Directions for this task: Word for word, repeat the data that follows. Do not include the pictures.

Dataset records:
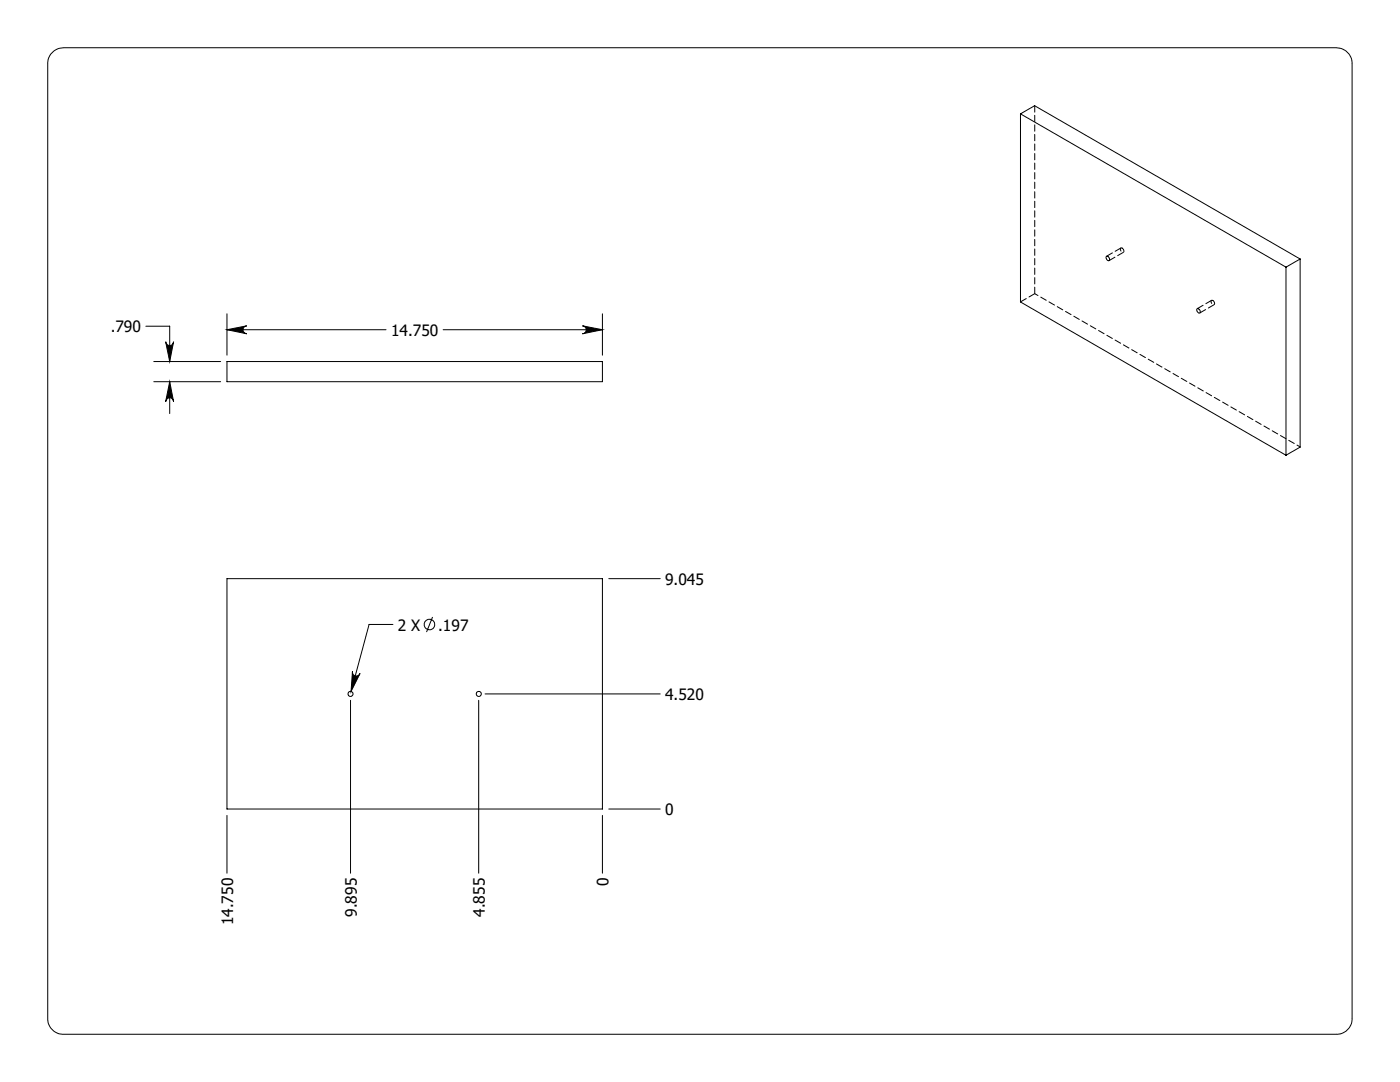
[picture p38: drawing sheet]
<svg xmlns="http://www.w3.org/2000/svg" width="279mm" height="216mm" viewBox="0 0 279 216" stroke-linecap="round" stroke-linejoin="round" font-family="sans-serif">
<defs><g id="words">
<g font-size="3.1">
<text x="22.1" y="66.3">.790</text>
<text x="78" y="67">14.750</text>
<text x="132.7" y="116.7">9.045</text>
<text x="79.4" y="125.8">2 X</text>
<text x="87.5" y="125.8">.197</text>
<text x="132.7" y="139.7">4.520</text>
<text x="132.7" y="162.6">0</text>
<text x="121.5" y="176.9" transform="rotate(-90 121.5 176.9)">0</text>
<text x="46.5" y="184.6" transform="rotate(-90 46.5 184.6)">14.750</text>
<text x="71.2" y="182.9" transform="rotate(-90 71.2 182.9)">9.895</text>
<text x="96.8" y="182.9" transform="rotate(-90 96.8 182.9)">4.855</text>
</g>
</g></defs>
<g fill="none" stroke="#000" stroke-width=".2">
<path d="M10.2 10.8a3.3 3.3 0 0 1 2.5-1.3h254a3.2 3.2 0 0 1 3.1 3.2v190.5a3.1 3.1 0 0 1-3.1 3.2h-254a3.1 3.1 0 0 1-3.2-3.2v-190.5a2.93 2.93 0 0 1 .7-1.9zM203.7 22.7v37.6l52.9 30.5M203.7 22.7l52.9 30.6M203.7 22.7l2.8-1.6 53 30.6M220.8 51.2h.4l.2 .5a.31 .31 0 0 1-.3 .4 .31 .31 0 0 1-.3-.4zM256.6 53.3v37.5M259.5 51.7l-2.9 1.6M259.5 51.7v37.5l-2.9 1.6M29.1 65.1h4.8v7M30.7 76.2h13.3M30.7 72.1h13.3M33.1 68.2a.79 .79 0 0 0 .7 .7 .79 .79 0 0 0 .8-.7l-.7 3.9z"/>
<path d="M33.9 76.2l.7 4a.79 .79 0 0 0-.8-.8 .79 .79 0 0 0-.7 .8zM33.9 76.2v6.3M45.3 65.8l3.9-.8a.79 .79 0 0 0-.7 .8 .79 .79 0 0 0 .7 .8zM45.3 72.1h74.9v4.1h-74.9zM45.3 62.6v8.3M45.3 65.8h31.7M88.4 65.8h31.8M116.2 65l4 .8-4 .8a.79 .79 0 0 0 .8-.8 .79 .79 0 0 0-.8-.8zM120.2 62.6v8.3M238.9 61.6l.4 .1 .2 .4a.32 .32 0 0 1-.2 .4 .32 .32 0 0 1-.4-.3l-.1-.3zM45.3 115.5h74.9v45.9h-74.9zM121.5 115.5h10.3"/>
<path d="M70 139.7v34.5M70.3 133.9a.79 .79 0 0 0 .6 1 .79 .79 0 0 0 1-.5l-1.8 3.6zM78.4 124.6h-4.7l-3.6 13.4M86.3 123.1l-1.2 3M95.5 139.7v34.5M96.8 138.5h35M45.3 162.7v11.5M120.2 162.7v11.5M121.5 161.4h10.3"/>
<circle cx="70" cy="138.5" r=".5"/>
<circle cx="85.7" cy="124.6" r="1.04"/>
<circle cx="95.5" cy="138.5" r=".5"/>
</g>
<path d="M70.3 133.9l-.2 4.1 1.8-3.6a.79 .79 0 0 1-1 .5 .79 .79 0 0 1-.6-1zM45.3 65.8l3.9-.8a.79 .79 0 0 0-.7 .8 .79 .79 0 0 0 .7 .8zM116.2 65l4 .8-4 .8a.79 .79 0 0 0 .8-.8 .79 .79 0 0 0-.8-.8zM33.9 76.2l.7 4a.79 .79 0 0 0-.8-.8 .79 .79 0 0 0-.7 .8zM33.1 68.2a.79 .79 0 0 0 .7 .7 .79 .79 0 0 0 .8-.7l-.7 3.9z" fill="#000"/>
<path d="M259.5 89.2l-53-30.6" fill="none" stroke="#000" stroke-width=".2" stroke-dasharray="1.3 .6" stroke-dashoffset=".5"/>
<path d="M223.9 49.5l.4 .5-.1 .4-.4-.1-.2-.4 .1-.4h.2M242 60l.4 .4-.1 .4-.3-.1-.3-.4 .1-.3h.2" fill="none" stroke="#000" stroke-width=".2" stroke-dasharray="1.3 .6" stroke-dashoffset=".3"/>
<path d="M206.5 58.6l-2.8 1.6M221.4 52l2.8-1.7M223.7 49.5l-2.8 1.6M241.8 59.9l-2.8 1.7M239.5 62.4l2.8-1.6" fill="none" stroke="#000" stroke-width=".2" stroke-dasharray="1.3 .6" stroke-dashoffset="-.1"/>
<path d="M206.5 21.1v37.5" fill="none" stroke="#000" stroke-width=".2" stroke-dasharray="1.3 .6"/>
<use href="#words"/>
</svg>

Reply:
[picture p38: drawing sheet]
<svg xmlns="http://www.w3.org/2000/svg" width="279mm" height="216mm" viewBox="0 0 279 216" stroke-linecap="round" stroke-linejoin="round" font-family="sans-serif">
<defs><g id="words">
<g font-size="3.1">
<text x="22.1" y="66.3">.790</text>
<text x="78" y="67">14.750</text>
<text x="132.7" y="116.7">9.045</text>
<text x="79.4" y="125.8">2 X</text>
<text x="87.5" y="125.8">.197</text>
<text x="132.7" y="139.7">4.520</text>
<text x="132.7" y="162.6">0</text>
<text x="121.5" y="176.9" transform="rotate(-90 121.5 176.9)">0</text>
<text x="46.5" y="184.6" transform="rotate(-90 46.5 184.6)">14.750</text>
<text x="71.2" y="182.9" transform="rotate(-90 71.2 182.9)">9.895</text>
<text x="96.8" y="182.9" transform="rotate(-90 96.8 182.9)">4.855</text>
</g>
</g></defs>
<g fill="none" stroke="#000" stroke-width=".2">
<path d="M10.2 10.8a3.3 3.3 0 0 1 2.5-1.3h254a3.2 3.2 0 0 1 3.1 3.2v190.5a3.1 3.1 0 0 1-3.1 3.2h-254a3.1 3.1 0 0 1-3.2-3.2v-190.5a2.93 2.93 0 0 1 .7-1.9zM203.7 22.7v37.6l52.9 30.5M203.7 22.7l52.9 30.6M203.7 22.7l2.8-1.6 53 30.6M220.8 51.2h.4l.2 .5a.31 .31 0 0 1-.3 .4 .31 .31 0 0 1-.3-.4zM256.6 53.3v37.5M259.5 51.7l-2.9 1.6M259.5 51.7v37.5l-2.9 1.6M29.1 65.1h4.8v7M30.7 76.2h13.3M30.7 72.1h13.3M33.1 68.2a.79 .79 0 0 0 .7 .7 .79 .79 0 0 0 .8-.7l-.7 3.9z"/>
<path d="M33.9 76.2l.7 4a.79 .79 0 0 0-.8-.8 .79 .79 0 0 0-.7 .8zM33.9 76.2v6.3M45.3 65.8l3.9-.8a.79 .79 0 0 0-.7 .8 .79 .79 0 0 0 .7 .8zM45.3 72.1h74.9v4.1h-74.9zM45.3 62.6v8.3M45.3 65.8h31.7M88.4 65.8h31.8M116.2 65l4 .8-4 .8a.79 .79 0 0 0 .8-.8 .79 .79 0 0 0-.8-.8zM120.2 62.6v8.3M238.9 61.6l.4 .1 .2 .4a.32 .32 0 0 1-.2 .4 .32 .32 0 0 1-.4-.3l-.1-.3zM45.3 115.5h74.9v45.9h-74.9zM121.5 115.5h10.3"/>
<path d="M70 139.7v34.5M70.3 133.9a.79 .79 0 0 0 .6 1 .79 .79 0 0 0 1-.5l-1.8 3.6zM78.4 124.6h-4.7l-3.6 13.4M86.3 123.1l-1.2 3M95.5 139.7v34.5M96.8 138.5h35M45.3 162.7v11.5M120.2 162.7v11.5M121.5 161.4h10.3"/>
<circle cx="70" cy="138.5" r=".5"/>
<circle cx="85.7" cy="124.6" r="1.04"/>
<circle cx="95.5" cy="138.5" r=".5"/>
</g>
<path d="M70.3 133.9l-.2 4.1 1.8-3.6a.79 .79 0 0 1-1 .5 .79 .79 0 0 1-.6-1zM45.3 65.8l3.9-.8a.79 .79 0 0 0-.7 .8 .79 .79 0 0 0 .7 .8zM116.2 65l4 .8-4 .8a.79 .79 0 0 0 .8-.8 .79 .79 0 0 0-.8-.8zM33.9 76.2l.7 4a.79 .79 0 0 0-.8-.8 .79 .79 0 0 0-.7 .8zM33.1 68.2a.79 .79 0 0 0 .7 .7 .79 .79 0 0 0 .8-.7l-.7 3.9z" fill="#000"/>
<path d="M259.5 89.2l-53-30.6" fill="none" stroke="#000" stroke-width=".2" stroke-dasharray="1.3 .6" stroke-dashoffset=".5"/>
<path d="M223.9 49.5l.4 .5-.1 .4-.4-.1-.2-.4 .1-.4h.2M242 60l.4 .4-.1 .4-.3-.1-.3-.4 .1-.3h.2" fill="none" stroke="#000" stroke-width=".2" stroke-dasharray="1.3 .6" stroke-dashoffset=".3"/>
<path d="M206.5 58.6l-2.8 1.6M221.4 52l2.8-1.7M223.7 49.5l-2.8 1.6M241.8 59.9l-2.8 1.7M239.5 62.4l2.8-1.6" fill="none" stroke="#000" stroke-width=".2" stroke-dasharray="1.3 .6" stroke-dashoffset="-.1"/>
<path d="M206.5 21.1v37.5" fill="none" stroke="#000" stroke-width=".2" stroke-dasharray="1.3 .6"/>
<use href="#words"/>
</svg>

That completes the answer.